Neste trecho evangélico, é também significativa a resposta de Maria ao anjo, concluindo o diálogo: “Eis aqui a Serva do Senhor. Faça-se em mim, segundo a tua palavra” (v. 38).  Maria diz “sim” àquela vontade divina e, com isto, abre a porta do mundo a Deus.  Com estas palavras, podemos lembrar da oração do Pai Nosso, onde temos uma expressão semelhante: “Seja feita a vossa vontade”.  Maria deu a cada um de nós o exemplo: Devemos fazer sempre a vontade de Deus.

Esta resposta de Maria precisa ser considerada.  Ela chama a si mesma de “Serva do Senhor”.  O Evangelista São Lucas a havia chamado de “Virgem”, o anjo, de “cheia de graça”; e seus pais, de “Maria”.  O servo depende de seu senhor, da sua vontade.  E Maria, se auto identificou como a Serva do Senhor. A palavra do anjo é uma ordem: “Conceberás e darás à luz”;  que Maria aceita em sinal de obediência e alegria. É também importante notar que o Filho de Deus não se encarnou sem o consentimento daquela que devia ser sua mãe. Este exemplo se aplica aos dois fatores de nossa santificação: A graça de Deus e a cooperação da nossa vontade.

O exemplo da Virgem de Nazaré é para todos nós um convite a acolher com total abertura de espírito o Cristo que vem no Natal, que por amor se faz nosso irmão. Ele vem para trazer a paz ao mundo: “Paz na terra aos homens por Ele amados!” (Lc 2,14), como anunciaram os anjos aos pastores. O dom precioso do Natal é a paz, e Cristo é a nossa paz.

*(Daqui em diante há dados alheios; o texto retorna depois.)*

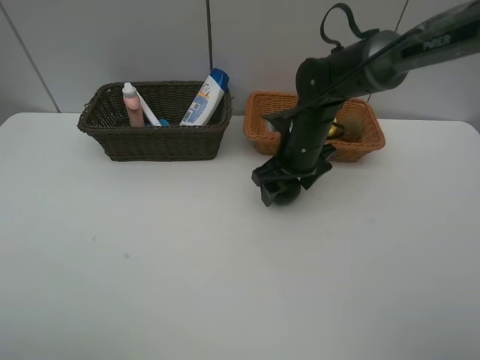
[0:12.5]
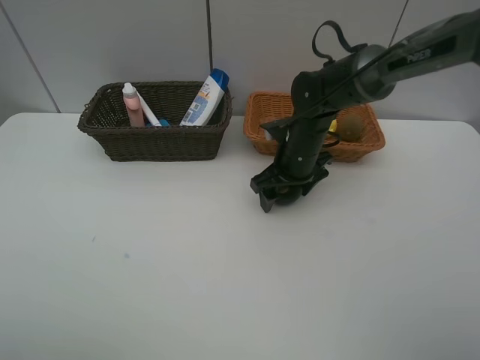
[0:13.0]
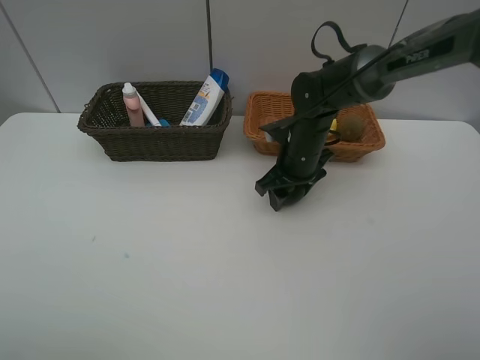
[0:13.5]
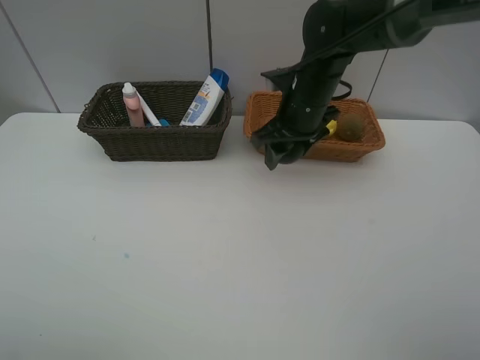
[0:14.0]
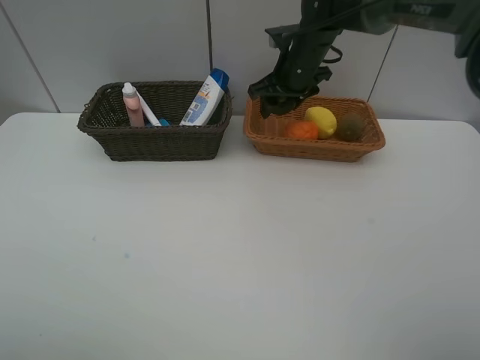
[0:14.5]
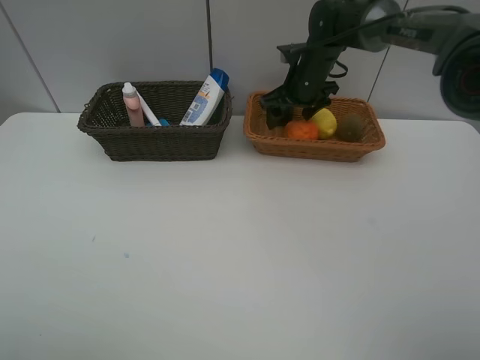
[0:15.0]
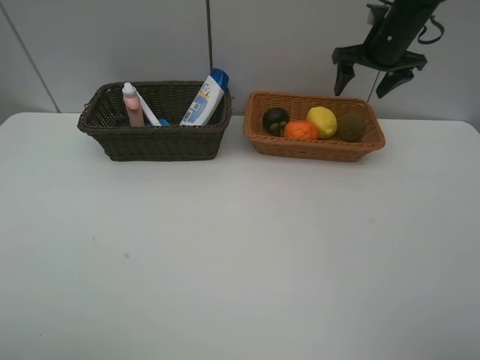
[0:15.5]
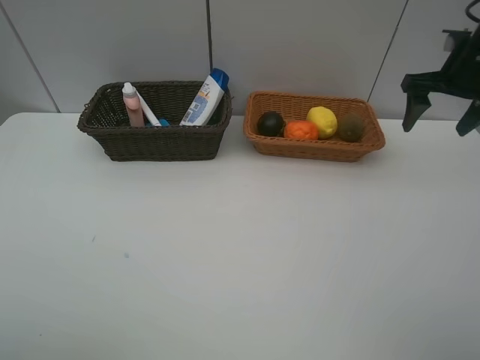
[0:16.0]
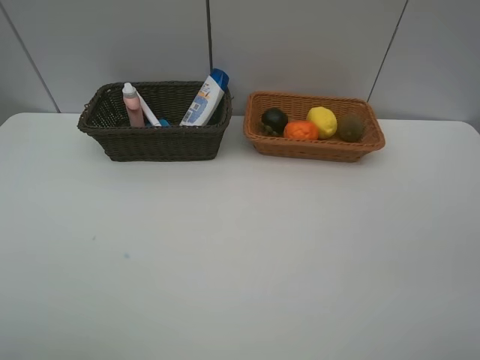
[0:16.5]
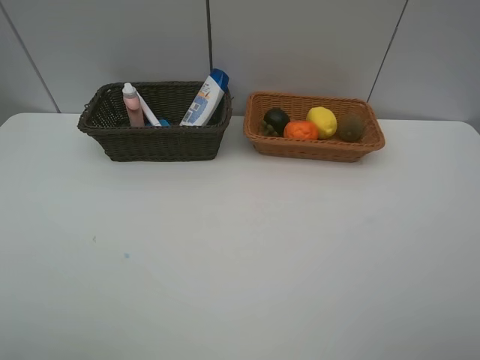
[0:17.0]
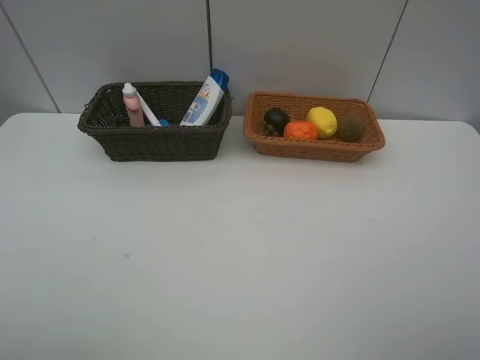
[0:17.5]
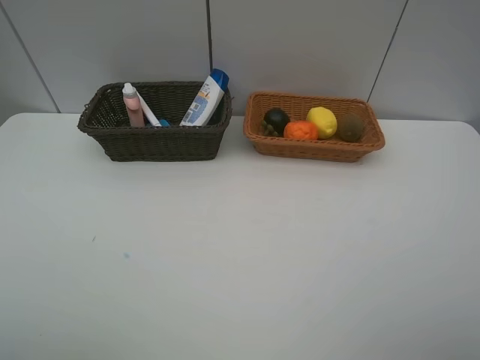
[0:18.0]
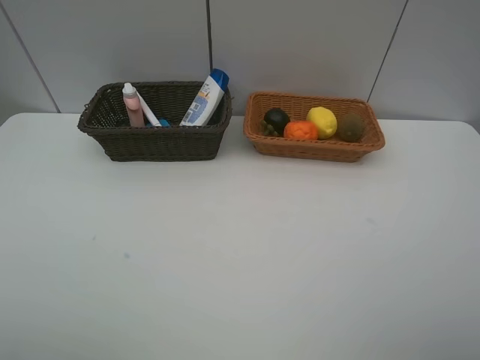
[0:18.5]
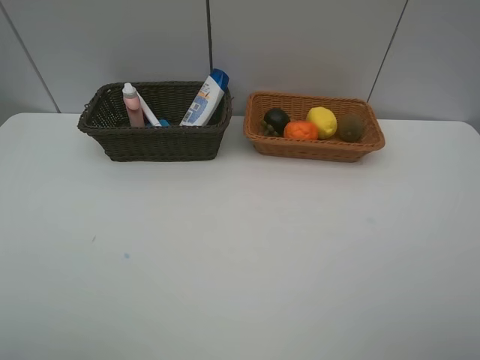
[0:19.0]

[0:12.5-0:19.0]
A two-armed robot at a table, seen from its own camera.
Task of the whole recording: Place multiple objects separately in different baskets.
Step, 0:14.0 to 0:15.0: Place the mangosteen in the light basket with right gripper.
0:12.5 to 0:14.5: The right gripper goes about 15 cm forward and upward, and closes its fingers.
0:14.5 to 0:17.0: The right gripper travels backward and to the right by some 50 cm, and opens.

Preparemo-nos para celebrar dignamente o Natal já próximo. Sigamos com Maria e José rumo a Belém. Que os nossos passos caminhem em direção ao Menino Jesus que nasce; e os nossos olhos se abram para que possamos ver e reconhecer o Filho de Deus entre nós e que possamos abrir de par em par as portas do nosso coração para acolhê-lo.  Um feliz Natal a todos!  Assim seja.